### Directions for this task
The pictures must be left out, while the rest of the data is copied exactly.

### Data records
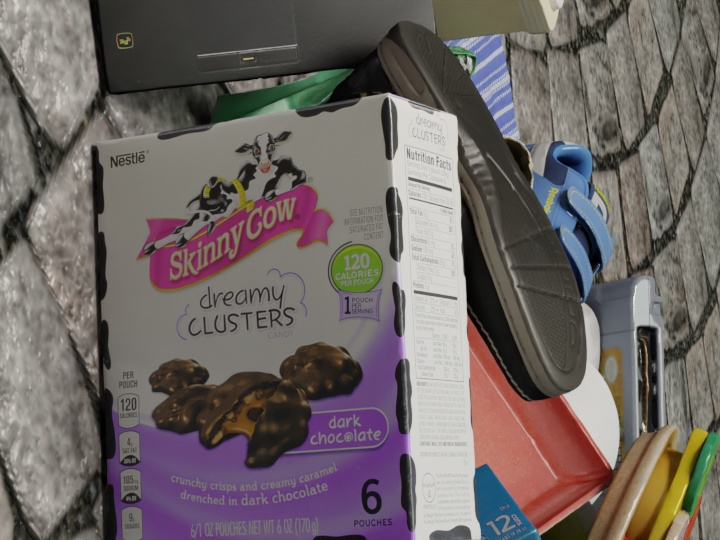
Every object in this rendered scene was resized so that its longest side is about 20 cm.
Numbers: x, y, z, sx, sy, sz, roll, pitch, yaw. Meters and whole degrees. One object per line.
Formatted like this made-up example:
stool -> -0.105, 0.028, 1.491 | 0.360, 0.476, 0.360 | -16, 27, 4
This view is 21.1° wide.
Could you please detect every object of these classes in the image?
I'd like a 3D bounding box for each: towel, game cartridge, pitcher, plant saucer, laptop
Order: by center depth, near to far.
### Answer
laptop -> -0.040, -0.195, 0.918 | 0.103, 0.176, 0.202 | -173, -104, -72
plant saucer -> 0.028, 0.072, 1.067 | 0.199, 0.037, 0.200 | -23, 77, -51
pitcher -> 0.121, 0.125, 1.363 | 0.200, 0.120, 0.173 | -64, 157, -70
towel -> 0.086, -0.128, 1.383 | 0.145, 0.024, 0.202 | -44, 126, -62
game cartridge -> 0.174, 0.112, 1.457 | 0.041, 0.133, 0.202 | 7, 78, -38

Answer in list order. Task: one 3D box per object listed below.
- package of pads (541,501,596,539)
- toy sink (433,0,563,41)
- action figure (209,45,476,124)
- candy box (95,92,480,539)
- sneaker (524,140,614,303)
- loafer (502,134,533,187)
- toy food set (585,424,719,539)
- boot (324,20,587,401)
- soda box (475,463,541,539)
package of pads -> 0.064, 0.120, 1.182 | 0.201, 0.068, 0.154 | 59, 24, 1
toy sink -> 0.071, -0.220, 1.187 | 0.131, 0.198, 0.112 | -75, 150, -41
action figure -> 0.002, -0.085, 1.104 | 0.200, 0.054, 0.119 | -39, 134, -40
candy box -> -0.037, 0.030, 0.907 | 0.071, 0.166, 0.202 | 9, 76, -60
sneaker -> 0.118, -0.018, 1.201 | 0.201, 0.082, 0.074 | -97, 169, -51
loafer -> 0.042, -0.021, 1.073 | 0.076, 0.068, 0.200 | 42, 39, -9
toy food set -> 0.155, 0.186, 1.141 | 0.201, 0.048, 0.198 | -62, 164, -24
boot -> 0.015, -0.003, 0.961 | 0.073, 0.150, 0.201 | -2, 63, -61
soda box -> -0.006, 0.174, 0.918 | 0.064, 0.199, 0.068 | 51, -15, 57

### Exercise solution
Every object in this rendered scene was resized so that its longest side is about 20 cm.
Numbers: x, y, z, sx, sy, sz, roll, pitch, yaw. Meters and whole degrees. One object per line.
Formatted like this made-up example:
stool -> -0.105, 0.028, 1.491 | 0.360, 0.476, 0.360 | -16, 27, 4
This view is 21.1° wide.
Could you please detect every object of these classes in the image?
I'd like a 3D bounding box for each: towel, game cartridge, pitcher, plant saucer, laptop
Order: by center depth, near to far.
### Answer
laptop -> -0.040, -0.195, 0.918 | 0.103, 0.176, 0.202 | -173, -104, -72
plant saucer -> 0.028, 0.072, 1.067 | 0.199, 0.037, 0.200 | -23, 77, -51
pitcher -> 0.121, 0.125, 1.363 | 0.200, 0.120, 0.173 | -64, 157, -70
towel -> 0.086, -0.128, 1.383 | 0.145, 0.024, 0.202 | -44, 126, -62
game cartridge -> 0.174, 0.112, 1.457 | 0.041, 0.133, 0.202 | 7, 78, -38

Answer in list order. Task: one 3D box per object listed below.
- package of pads (541,501,596,539)
- toy sink (433,0,563,41)
- action figure (209,45,476,124)
- candy box (95,92,480,539)
- sneaker (524,140,614,303)
- loafer (502,134,533,187)
- toy food set (585,424,719,539)
- boot (324,20,587,401)
- soda box (475,463,541,539)
package of pads -> 0.064, 0.120, 1.182 | 0.201, 0.068, 0.154 | 59, 24, 1
toy sink -> 0.071, -0.220, 1.187 | 0.131, 0.198, 0.112 | -75, 150, -41
action figure -> 0.002, -0.085, 1.104 | 0.200, 0.054, 0.119 | -39, 134, -40
candy box -> -0.037, 0.030, 0.907 | 0.071, 0.166, 0.202 | 9, 76, -60
sneaker -> 0.118, -0.018, 1.201 | 0.201, 0.082, 0.074 | -97, 169, -51
loafer -> 0.042, -0.021, 1.073 | 0.076, 0.068, 0.200 | 42, 39, -9
toy food set -> 0.155, 0.186, 1.141 | 0.201, 0.048, 0.198 | -62, 164, -24
boot -> 0.015, -0.003, 0.961 | 0.073, 0.150, 0.201 | -2, 63, -61
soda box -> -0.006, 0.174, 0.918 | 0.064, 0.199, 0.068 | 51, -15, 57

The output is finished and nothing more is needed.